**Assignment:** Pictures do not belong in the copy; quote every entry below exactly.

Records drawn from a dataset:
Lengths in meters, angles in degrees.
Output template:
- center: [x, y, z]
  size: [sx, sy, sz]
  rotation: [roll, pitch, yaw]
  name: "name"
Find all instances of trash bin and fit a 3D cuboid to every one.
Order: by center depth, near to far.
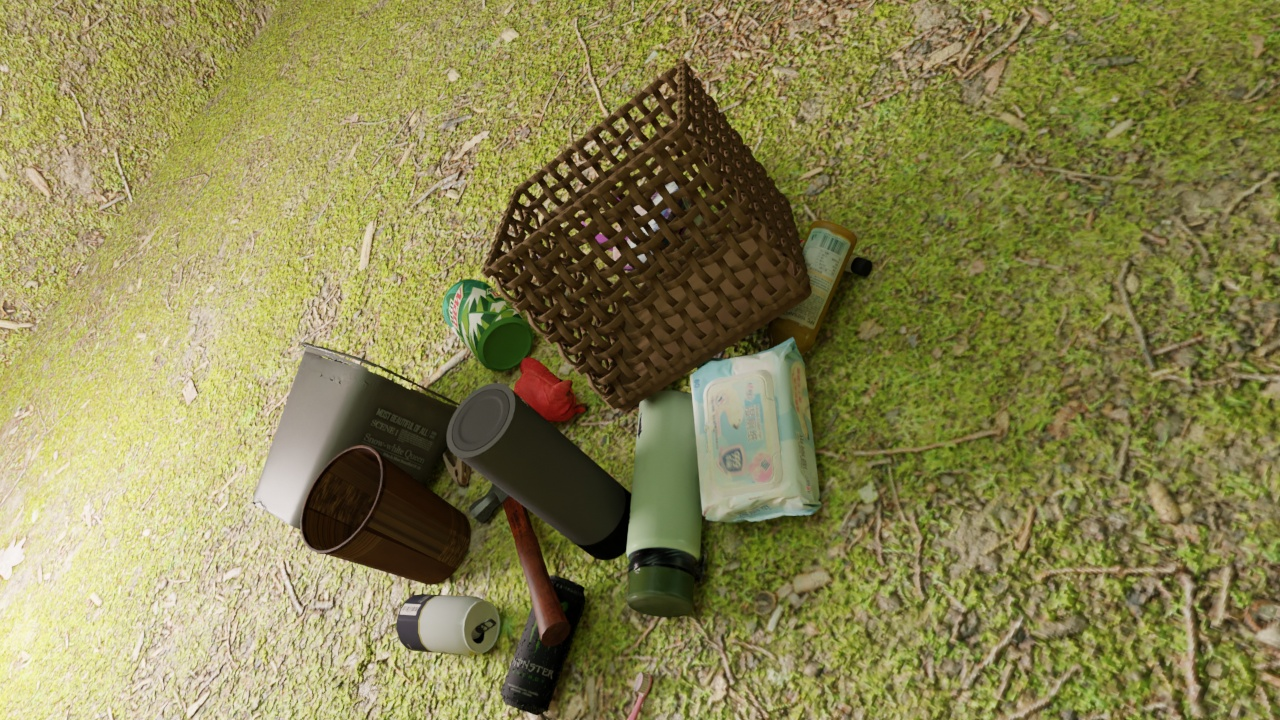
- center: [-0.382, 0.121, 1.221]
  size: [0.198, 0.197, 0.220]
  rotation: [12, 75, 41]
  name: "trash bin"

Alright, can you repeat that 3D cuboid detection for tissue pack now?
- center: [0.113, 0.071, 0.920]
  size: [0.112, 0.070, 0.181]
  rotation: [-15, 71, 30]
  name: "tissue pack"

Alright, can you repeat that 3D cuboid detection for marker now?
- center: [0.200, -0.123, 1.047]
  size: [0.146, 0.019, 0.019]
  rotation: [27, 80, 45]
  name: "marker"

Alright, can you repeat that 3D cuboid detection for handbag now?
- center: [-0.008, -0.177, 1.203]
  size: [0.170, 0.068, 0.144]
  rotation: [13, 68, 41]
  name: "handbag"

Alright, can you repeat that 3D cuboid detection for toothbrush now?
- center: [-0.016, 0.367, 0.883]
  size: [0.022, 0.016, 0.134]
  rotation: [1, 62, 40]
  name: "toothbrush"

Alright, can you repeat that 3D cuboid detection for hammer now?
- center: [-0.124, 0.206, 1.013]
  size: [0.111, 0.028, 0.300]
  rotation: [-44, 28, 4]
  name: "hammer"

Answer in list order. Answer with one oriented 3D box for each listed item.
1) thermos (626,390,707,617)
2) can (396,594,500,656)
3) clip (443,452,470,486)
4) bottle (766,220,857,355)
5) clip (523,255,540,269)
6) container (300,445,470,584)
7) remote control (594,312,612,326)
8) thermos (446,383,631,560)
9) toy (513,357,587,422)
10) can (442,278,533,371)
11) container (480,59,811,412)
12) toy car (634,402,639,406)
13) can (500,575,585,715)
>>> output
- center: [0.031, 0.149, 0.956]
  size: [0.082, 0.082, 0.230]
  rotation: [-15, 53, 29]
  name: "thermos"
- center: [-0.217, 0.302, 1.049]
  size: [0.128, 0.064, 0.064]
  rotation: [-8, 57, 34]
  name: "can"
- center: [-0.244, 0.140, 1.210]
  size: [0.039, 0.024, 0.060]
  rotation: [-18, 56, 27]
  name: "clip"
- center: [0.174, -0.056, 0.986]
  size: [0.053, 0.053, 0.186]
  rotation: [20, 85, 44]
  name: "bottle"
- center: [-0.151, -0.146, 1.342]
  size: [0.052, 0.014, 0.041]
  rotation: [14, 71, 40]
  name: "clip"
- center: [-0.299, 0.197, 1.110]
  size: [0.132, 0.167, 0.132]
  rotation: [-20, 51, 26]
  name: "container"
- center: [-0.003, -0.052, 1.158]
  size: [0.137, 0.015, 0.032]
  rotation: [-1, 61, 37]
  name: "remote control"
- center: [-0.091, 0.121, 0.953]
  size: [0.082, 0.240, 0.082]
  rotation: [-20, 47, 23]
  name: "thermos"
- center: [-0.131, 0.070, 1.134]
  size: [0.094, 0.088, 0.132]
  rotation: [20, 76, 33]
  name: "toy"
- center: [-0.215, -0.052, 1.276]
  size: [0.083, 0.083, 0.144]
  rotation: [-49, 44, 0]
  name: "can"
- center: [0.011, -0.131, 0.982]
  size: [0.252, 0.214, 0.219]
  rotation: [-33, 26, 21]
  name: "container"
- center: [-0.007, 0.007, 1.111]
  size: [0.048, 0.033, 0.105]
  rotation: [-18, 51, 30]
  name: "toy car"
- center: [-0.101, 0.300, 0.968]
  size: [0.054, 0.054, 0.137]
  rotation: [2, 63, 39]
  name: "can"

**Task answer:**
Lengths in meters, angles in degrees.
Output template:
- center: [x, y, z]
  size: [sx, sy, sz]
  rotation: [roll, pitch, yaw]
  name: "name"
Find all instances of trash bin and fit a 3D cuboid to every one.
Order: by center depth, near to far.
- center: [-0.382, 0.121, 1.221]
  size: [0.198, 0.197, 0.220]
  rotation: [12, 75, 41]
  name: "trash bin"

Alright, can you repeat that 3D cuboid detection for tissue pack now?
- center: [0.113, 0.071, 0.920]
  size: [0.112, 0.070, 0.181]
  rotation: [-15, 71, 30]
  name: "tissue pack"

Alright, can you repeat that 3D cuboid detection for marker now?
- center: [0.200, -0.123, 1.047]
  size: [0.146, 0.019, 0.019]
  rotation: [27, 80, 45]
  name: "marker"

Alright, can you repeat that 3D cuboid detection for handbag now?
- center: [-0.008, -0.177, 1.203]
  size: [0.170, 0.068, 0.144]
  rotation: [13, 68, 41]
  name: "handbag"

Alright, can you repeat that 3D cuboid detection for toothbrush now?
- center: [-0.016, 0.367, 0.883]
  size: [0.022, 0.016, 0.134]
  rotation: [1, 62, 40]
  name: "toothbrush"

Alright, can you repeat that 3D cuboid detection for hammer now?
- center: [-0.124, 0.206, 1.013]
  size: [0.111, 0.028, 0.300]
  rotation: [-44, 28, 4]
  name: "hammer"

Answer in list order. Answer with one oriented 3D box for each listed item.
1) thermos (626,390,707,617)
2) can (396,594,500,656)
3) clip (443,452,470,486)
4) bottle (766,220,857,355)
5) clip (523,255,540,269)
6) container (300,445,470,584)
7) remote control (594,312,612,326)
8) thermos (446,383,631,560)
9) toy (513,357,587,422)
10) can (442,278,533,371)
11) container (480,59,811,412)
12) toy car (634,402,639,406)
13) can (500,575,585,715)
>>> output
- center: [0.031, 0.149, 0.956]
  size: [0.082, 0.082, 0.230]
  rotation: [-15, 53, 29]
  name: "thermos"
- center: [-0.217, 0.302, 1.049]
  size: [0.128, 0.064, 0.064]
  rotation: [-8, 57, 34]
  name: "can"
- center: [-0.244, 0.140, 1.210]
  size: [0.039, 0.024, 0.060]
  rotation: [-18, 56, 27]
  name: "clip"
- center: [0.174, -0.056, 0.986]
  size: [0.053, 0.053, 0.186]
  rotation: [20, 85, 44]
  name: "bottle"
- center: [-0.151, -0.146, 1.342]
  size: [0.052, 0.014, 0.041]
  rotation: [14, 71, 40]
  name: "clip"
- center: [-0.299, 0.197, 1.110]
  size: [0.132, 0.167, 0.132]
  rotation: [-20, 51, 26]
  name: "container"
- center: [-0.003, -0.052, 1.158]
  size: [0.137, 0.015, 0.032]
  rotation: [-1, 61, 37]
  name: "remote control"
- center: [-0.091, 0.121, 0.953]
  size: [0.082, 0.240, 0.082]
  rotation: [-20, 47, 23]
  name: "thermos"
- center: [-0.131, 0.070, 1.134]
  size: [0.094, 0.088, 0.132]
  rotation: [20, 76, 33]
  name: "toy"
- center: [-0.215, -0.052, 1.276]
  size: [0.083, 0.083, 0.144]
  rotation: [-49, 44, 0]
  name: "can"
- center: [0.011, -0.131, 0.982]
  size: [0.252, 0.214, 0.219]
  rotation: [-33, 26, 21]
  name: "container"
- center: [-0.007, 0.007, 1.111]
  size: [0.048, 0.033, 0.105]
  rotation: [-18, 51, 30]
  name: "toy car"
- center: [-0.101, 0.300, 0.968]
  size: [0.054, 0.054, 0.137]
  rotation: [2, 63, 39]
  name: "can"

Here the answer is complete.